Other features include DVD upscaling to 720p, 1080i and 1080p, Last Scene Memory (which picks up where you left off even when you remove the disc), photo slideshows and a x1.5 playback mode that speeds up the video but keeps the sound intact.
The onscreen design is typically basic for a budget product – a far cry from the sophisticated GUI of LG’s Blu-ray players – but it’s pleasant enough. The setup menu’s cursor is responsive, the graphics are cute and colourful and the structure is logical. Crucially, it allows you to set the size, volume and distance from listening position of each speaker. HDMI output resolution is set using a dedicated button on the remote.
We gave the HT304SU a run-out with ”Serenity” on DVD and although it’s not as impressive as the HT32S and HB354BS, it still delivers passable sound quality for the money.

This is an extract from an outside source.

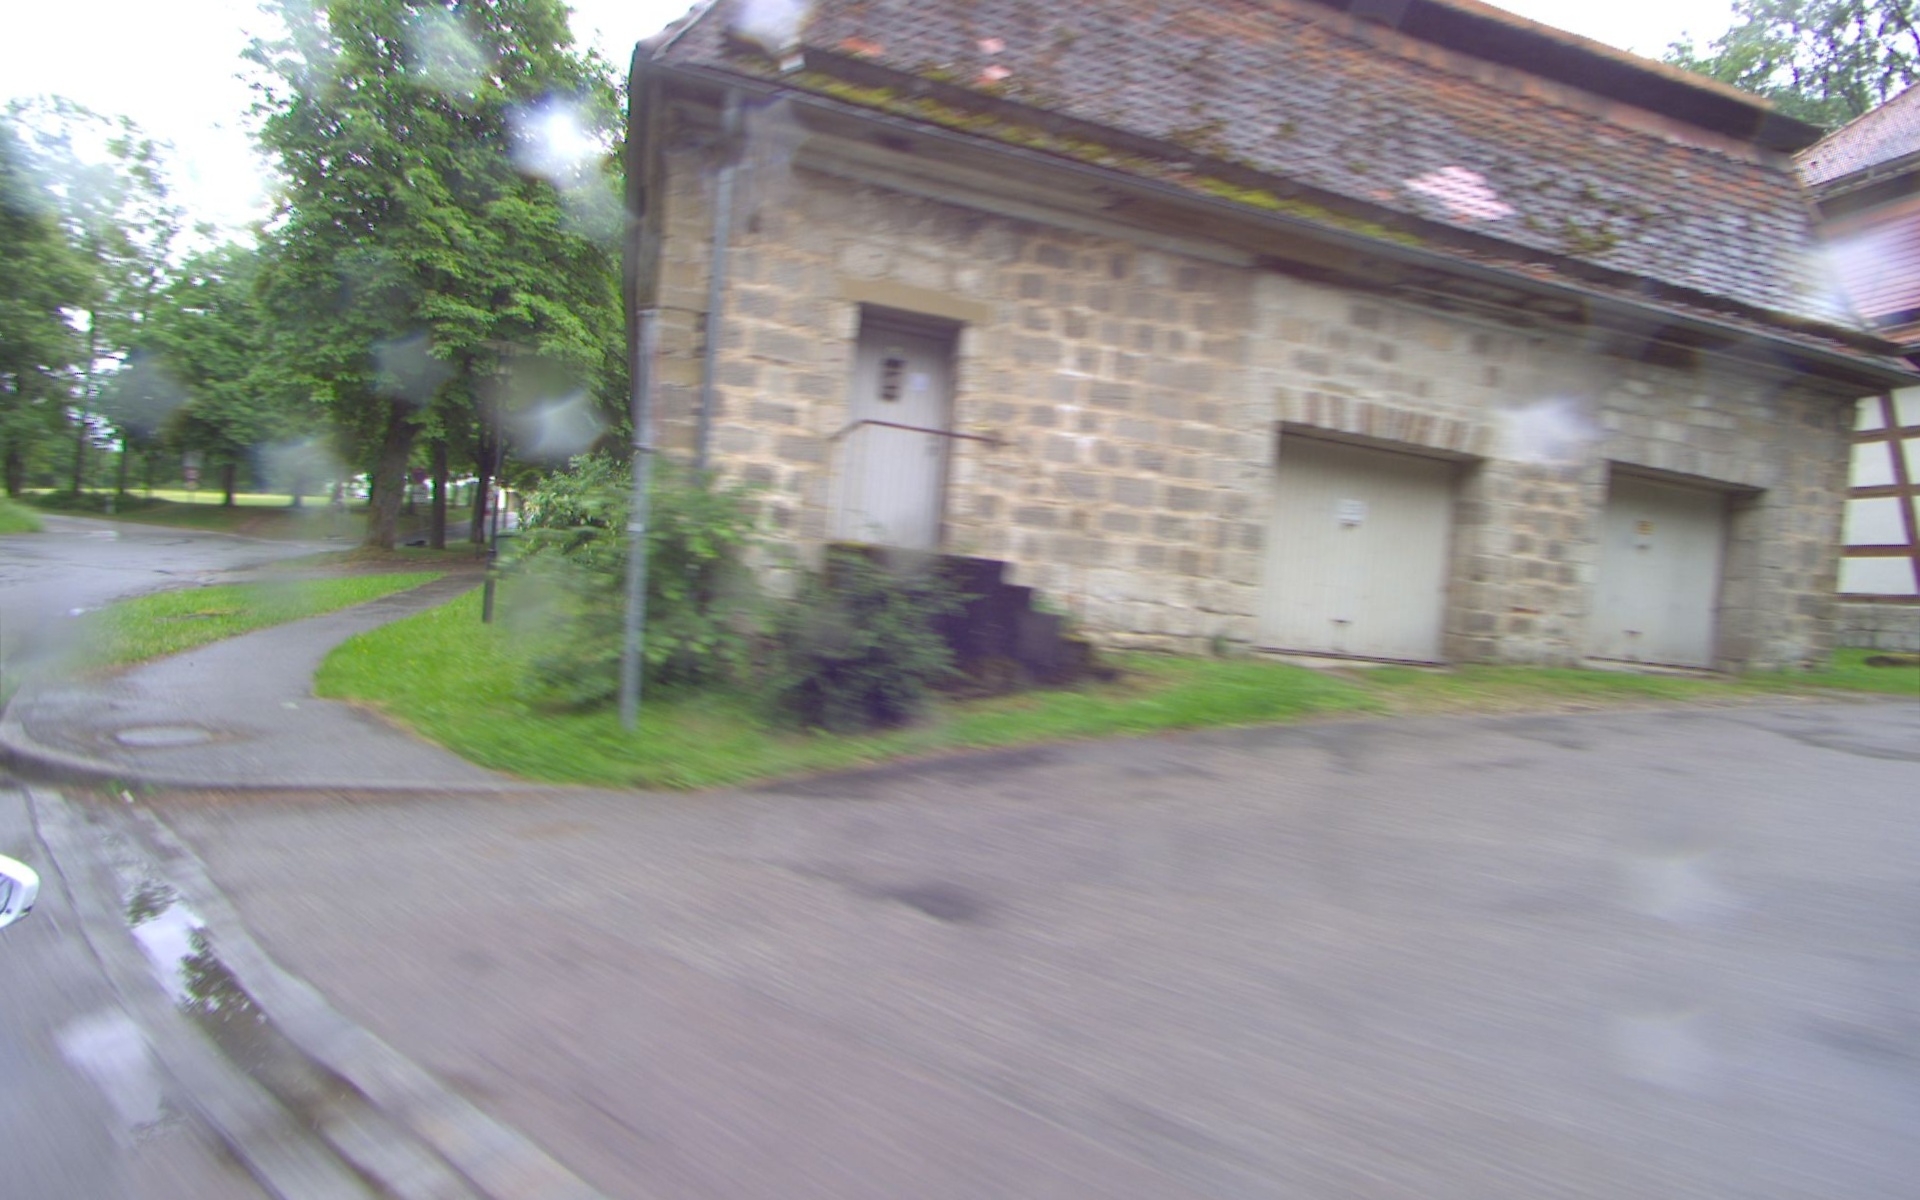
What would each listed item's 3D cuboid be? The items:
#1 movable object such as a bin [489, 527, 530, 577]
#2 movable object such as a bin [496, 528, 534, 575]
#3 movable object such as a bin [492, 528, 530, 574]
[{"bbox_3d":[-9.736,-1.039,21.762,0.686,1.055,0.573,-2,5,-17],"label":"movable object such as a bin"},{"bbox_3d":[-10.144,-1.110,22.955,0.686,1.055,0.573,-2,5,-17],"label":"movable object such as a bin"},{"bbox_3d":[-10.508,-1.156,23.545,0.686,1.055,0.657,-2,5,-17],"label":"movable object such as a bin"}]

Getting an acceptable sound balance takes a bit of careful tweaking in the setup menu and selection of the right EQ mode, but when you’ve found it the system delivers a satisfying, if not particularly polished performance.
Skipping straight to the massive space skirmish between the Alliance and the Reavers (Chapter 15), the LG disperses the crashes, gunfire and roaring engines with plenty of force and crispness, although high-frequency sounds do have an unmistakably harsh character. The results are a lot more enjoyable than the Samsung HT-X720G but still not a patch on a good quality separates system.
The soundstage also feels expansive, although you do need to crank up the levels of the surround channels for them to make an impact. As noted on previous LG systems, the VSM mode makes the soundstage feel more complete and enveloping, without giving you the sense that extra channels have been added – switch to Normal or Natural and the sound is much flatter and more confined.
Also pleasing is the system’s distinct dialogue reproduction and power at lower volumes. On the downside, bass from the sub is slow and flabby where it should be nimble and punchy, but there’s enough rumble to heighten the impact of explosions.
On a 1080p-capable TV the HT304SU produces the sort of crisp, lively picture quality you’d expect from a budget upscaler, which is good enough for everyday viewing but won’t withstand scrutiny on a demanding display. There’s some noise in the picture and the occasional glimpse of a jagged edge, plus blacks don’t scale the depths plumbed by good standalone decks, but none of this interferes greatly with your enjoyment and at this price it would be churlish to complain.
If you’re spending this sort of money on a home cinema system, then you’re inevitably going to have to compromise on performance. And although that’s true of the HT304SU, whose sound quality is unmistakably tarred with the budget brush, it’s far from a disaster, plus its decent feature list and smart looks make those sacrifices much easier to accept. As budget systems go, you could do a lot worse.